Given concerns about job-quality and inclusion, workers should engage in conversations around how AI is implemented in their organisation, how decisions are made (e.g., about monitoring, decision-algorithms), and how fairness, transparency and human oversight are maintained.
What Employers and Policy-Makers Should Consider
The transformation of work through AI is a collective challenge. Organisations and policy-makers play a major role in shaping whether the transition is inclusive, productive and sustainable.
For organisations:
- Design AI adoption to augment human roles, not simply replace them.
- Invest in retraining, upskilling and transition support for workers whose roles are most impacted.
- Monitor not only productivity gains but also worker well-being, job quality, fairness of AI-driven decisions (e.g., algorithmic management).
- Foster cultures of human-machine collaboration and redesign workflows to maximise human strengths.
For policy-makers:
- Develop frameworks for lifelong learning, resumeskilling and social safety nets to support transitional periods.
- Encourage inclusive access to digital and AI literacy, especially in less-digitised regions and among vulnerable worker groups.
- Monitor labour-market dynamics and ensure regulatory frameworks that address algorithmic fairness, worker rights, job-quality and inclusiveness.
- Support sectors and workers in transition (e.g., regions heavily reliant on roles at high exposure) and promote pathways into growing roles.
Looking Ahead: What the Future Might Hold
It is impossible to predict exactly how the job-market will look a decade from now, but several plausible trends emerge.

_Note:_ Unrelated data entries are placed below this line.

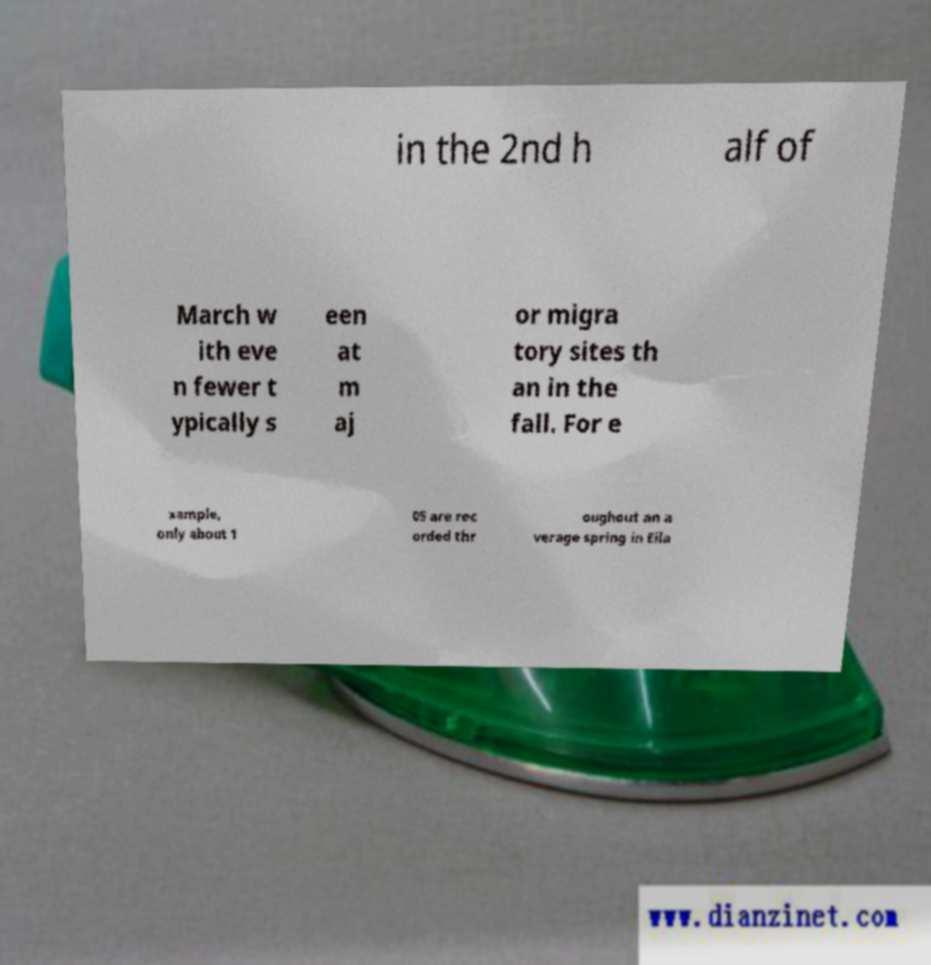What messages or text are displayed in this image? I need them in a readable, typed format. in the 2nd h alf of March w ith eve n fewer t ypically s een at m aj or migra tory sites th an in the fall. For e xample, only about 1 05 are rec orded thr oughout an a verage spring in Eila 
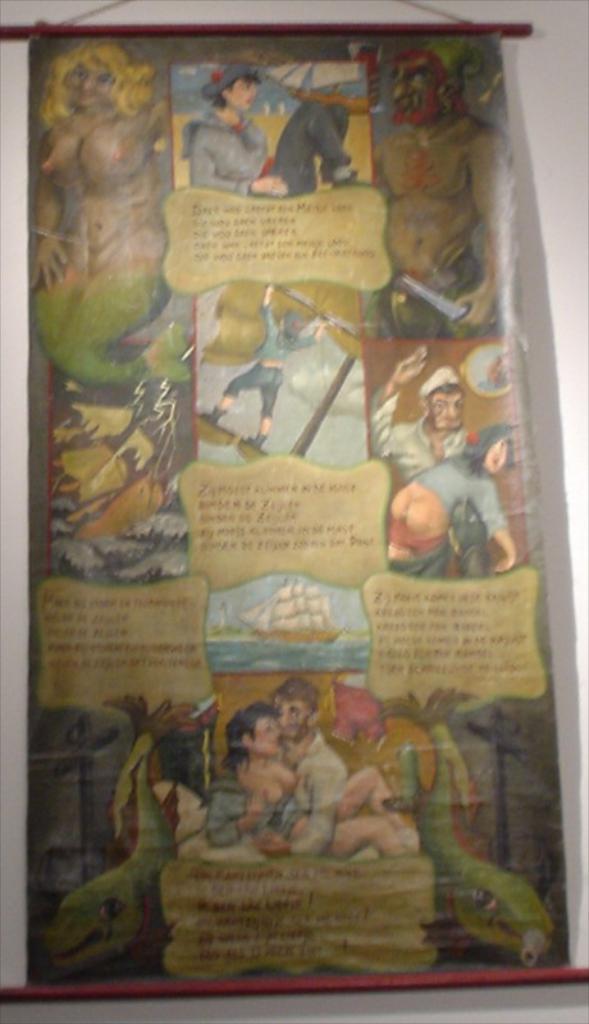Describe this image in one or two sentences. In the image there is a poster and there are different images and description of the images mentioned in the poster. 
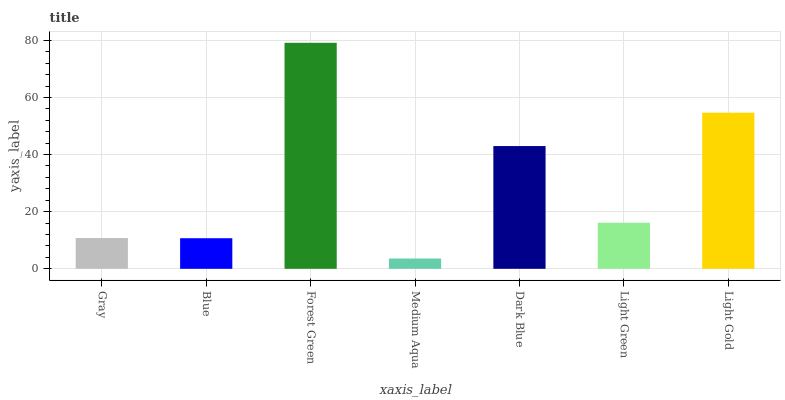Is Medium Aqua the minimum?
Answer yes or no. Yes. Is Forest Green the maximum?
Answer yes or no. Yes. Is Blue the minimum?
Answer yes or no. No. Is Blue the maximum?
Answer yes or no. No. Is Gray greater than Blue?
Answer yes or no. Yes. Is Blue less than Gray?
Answer yes or no. Yes. Is Blue greater than Gray?
Answer yes or no. No. Is Gray less than Blue?
Answer yes or no. No. Is Light Green the high median?
Answer yes or no. Yes. Is Light Green the low median?
Answer yes or no. Yes. Is Dark Blue the high median?
Answer yes or no. No. Is Forest Green the low median?
Answer yes or no. No. 
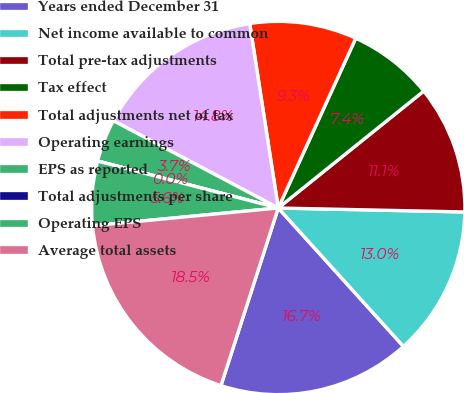<chart> <loc_0><loc_0><loc_500><loc_500><pie_chart><fcel>Years ended December 31<fcel>Net income available to common<fcel>Total pre-tax adjustments<fcel>Tax effect<fcel>Total adjustments net of tax<fcel>Operating earnings<fcel>EPS as reported<fcel>Total adjustments per share<fcel>Operating EPS<fcel>Average total assets<nl><fcel>16.67%<fcel>12.96%<fcel>11.11%<fcel>7.41%<fcel>9.26%<fcel>14.81%<fcel>3.7%<fcel>0.0%<fcel>5.56%<fcel>18.52%<nl></chart> 
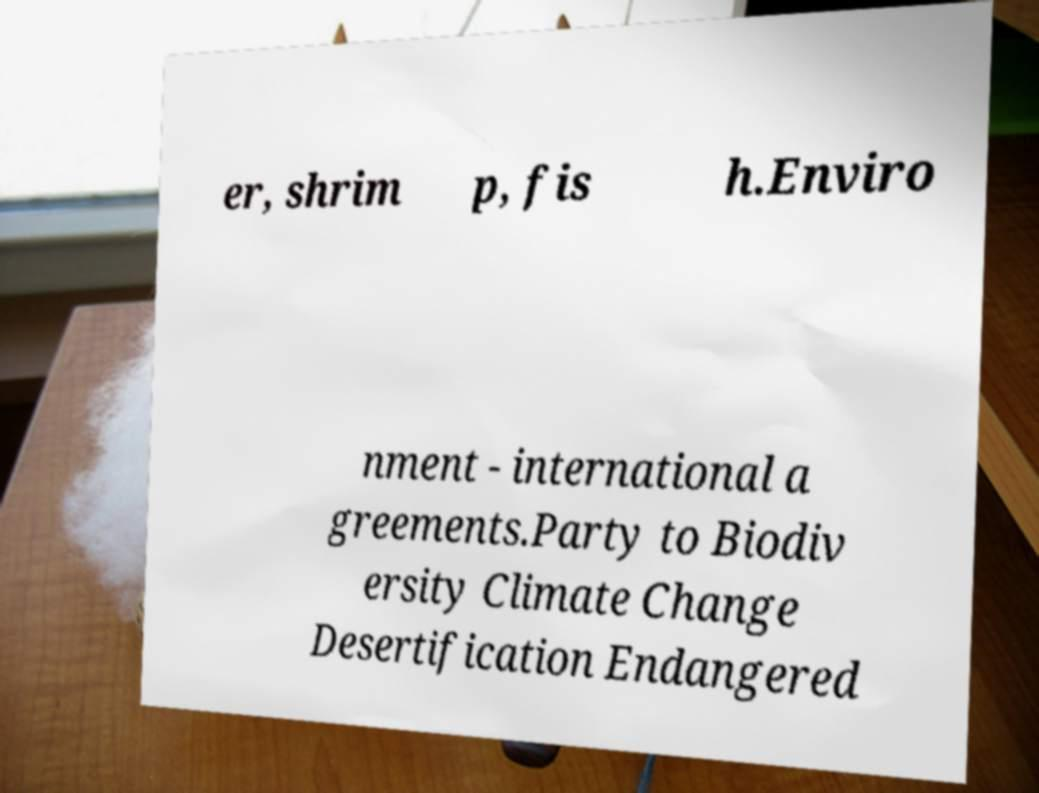Can you accurately transcribe the text from the provided image for me? er, shrim p, fis h.Enviro nment - international a greements.Party to Biodiv ersity Climate Change Desertification Endangered 
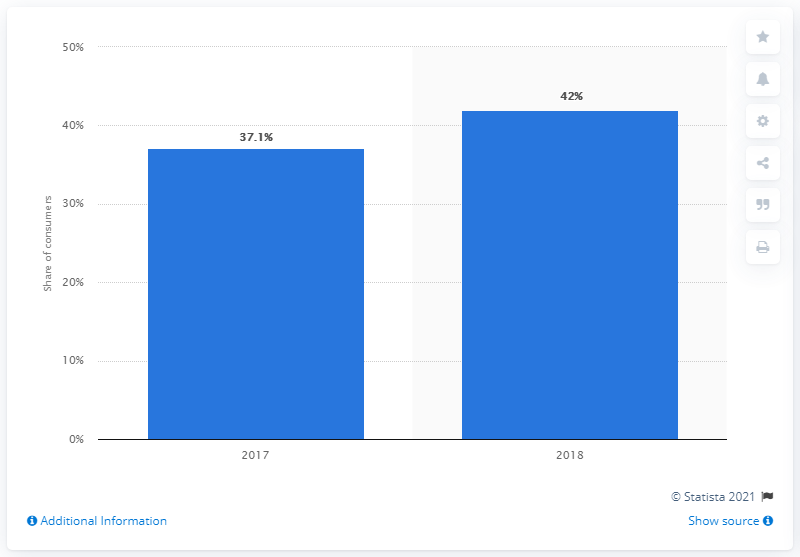Give some essential details in this illustration. In the previous year, 37.1% of online retail customers in the UK were able to track their orders. 
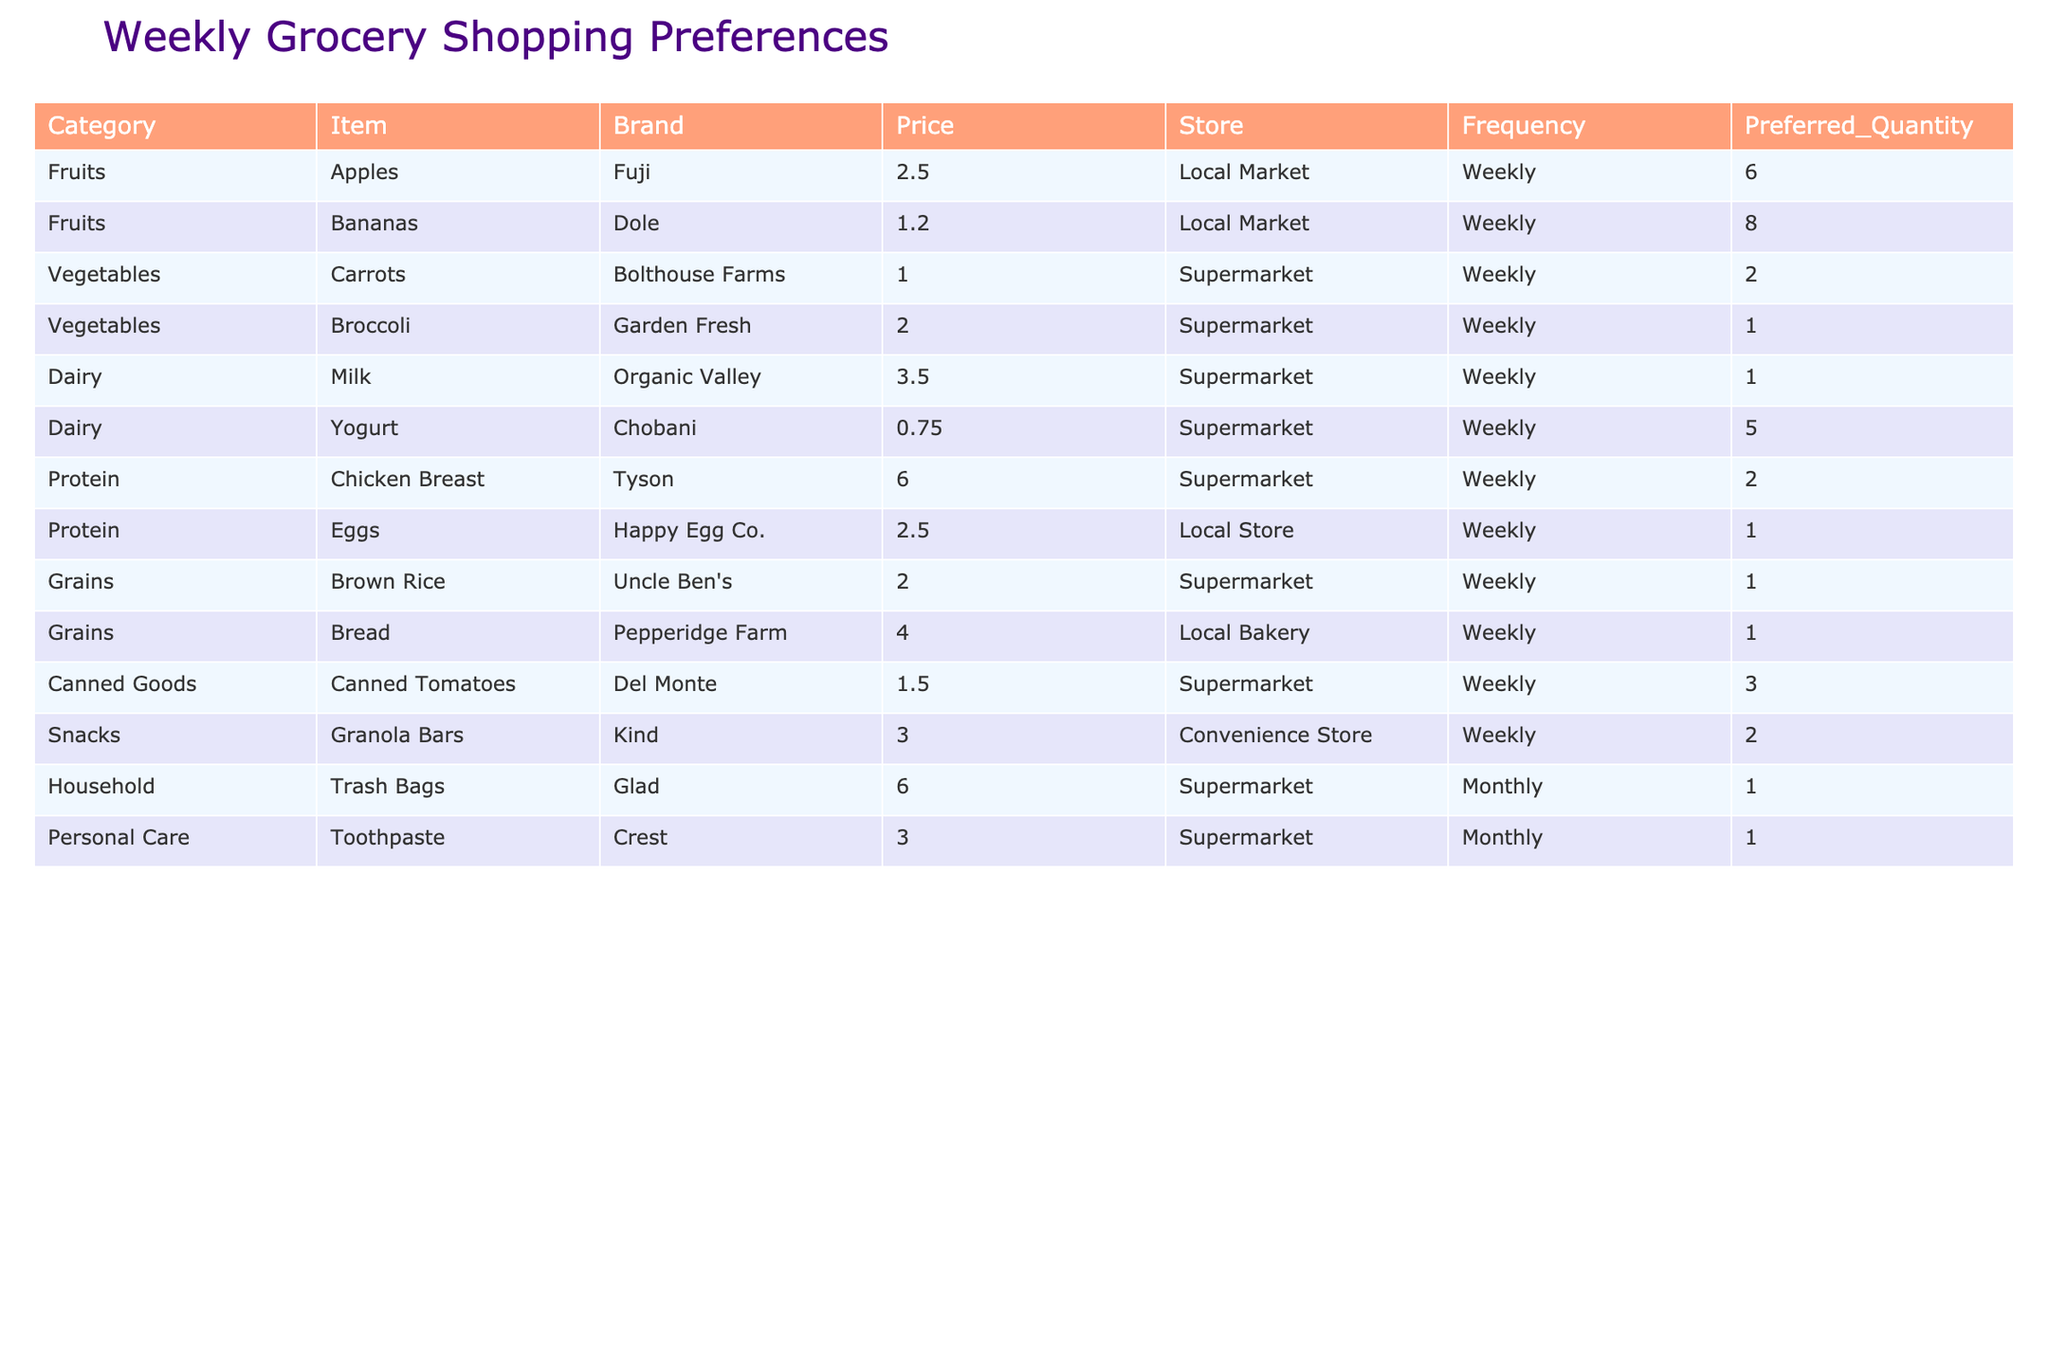What is the price of organic milk? The table under the Dairy category shows that the price listed for Organic Valley milk is 3.50.
Answer: 3.50 How many bananas does the single mother prefer to buy? From the Fruits category, the Preferred Quantity for Dole bananas is listed as 8.
Answer: 8 What is the total cost for the preferred quantity of apples? The price for Fuji apples is 2.50, and the preferred quantity is 6. We calculate the total cost by multiplying the price by the quantity: 2.50 * 6 = 15.00.
Answer: 15.00 Is the chicken breast from Tyson the most expensive protein listed? In the Protein category, we compare the prices: Tyson chicken breast costs 6.00, and Happy Egg Co. eggs cost 2.50. Since 6.00 is greater than 2.50, Tyson chicken breast is indeed the most expensive protein option.
Answer: Yes What is the total weekly budget needed for all the preferred grocery items listed? We first find the total cost by calculating the costs for each item: (2.50 * 6) + (1.20 * 8) + (1.00 * 2) + (2.00 * 1) + (3.50 * 1) + (0.75 * 5) + (6.00 * 2) + (2.50 * 1) + (2.00 * 1) + (4.00 * 1) + (1.50 * 3) + (3.00 * 2) = 15.00 + 9.60 + 2.00 + 2.00 + 3.50 + 3.75 + 12.00 + 2.50 + 2.00 + 4.00 + 4.50 + 6.00 =  63.35.
Answer: 63.35 What percentage of the total weekly grocery budget is spent on fruits? From the total weekly budget of 63.35, we find the total cost for fruits: (2.50 * 6) + (1.20 * 8) = 15.00 + 9.60 = 24.60. Then, to calculate the percentage, we take (24.60 / 63.35) * 100 which is approximately 38.8%.
Answer: 38.8%

Task-based shifts, not always job loss.
More often than wholesale elimination of jobs, we may see jobs morphing: parts of roles automated, parts shifting to higher-value human activity. The transformation may play out over years rather than overnight.
For example, the Goldman Sachs research estimates that full adoption of generative AI could raise labour productivity in developed markets by around 15 %. They estimate that job losses in the United States might amount to 2.5 % of employment if efficiency gains are broadly distributed. Goldman Sachs
New roles, new industries.
Just as previous industrial revolutions created roles that nobody could foresee, AI will generate new occupations, new industries and new forms of work. The PwC Barometer suggests that AI-exposed roles often see wage and opportunity growth rather than decline. PwC
Geographic and sectoral divergence.
Some regions, industries and firms will benefit more quickly from the AI transition; others may face greater disruption. Developing economies, where labour costs are lower and digitisation is slower, may face a different trajectory compared to highly-digitised developed economies.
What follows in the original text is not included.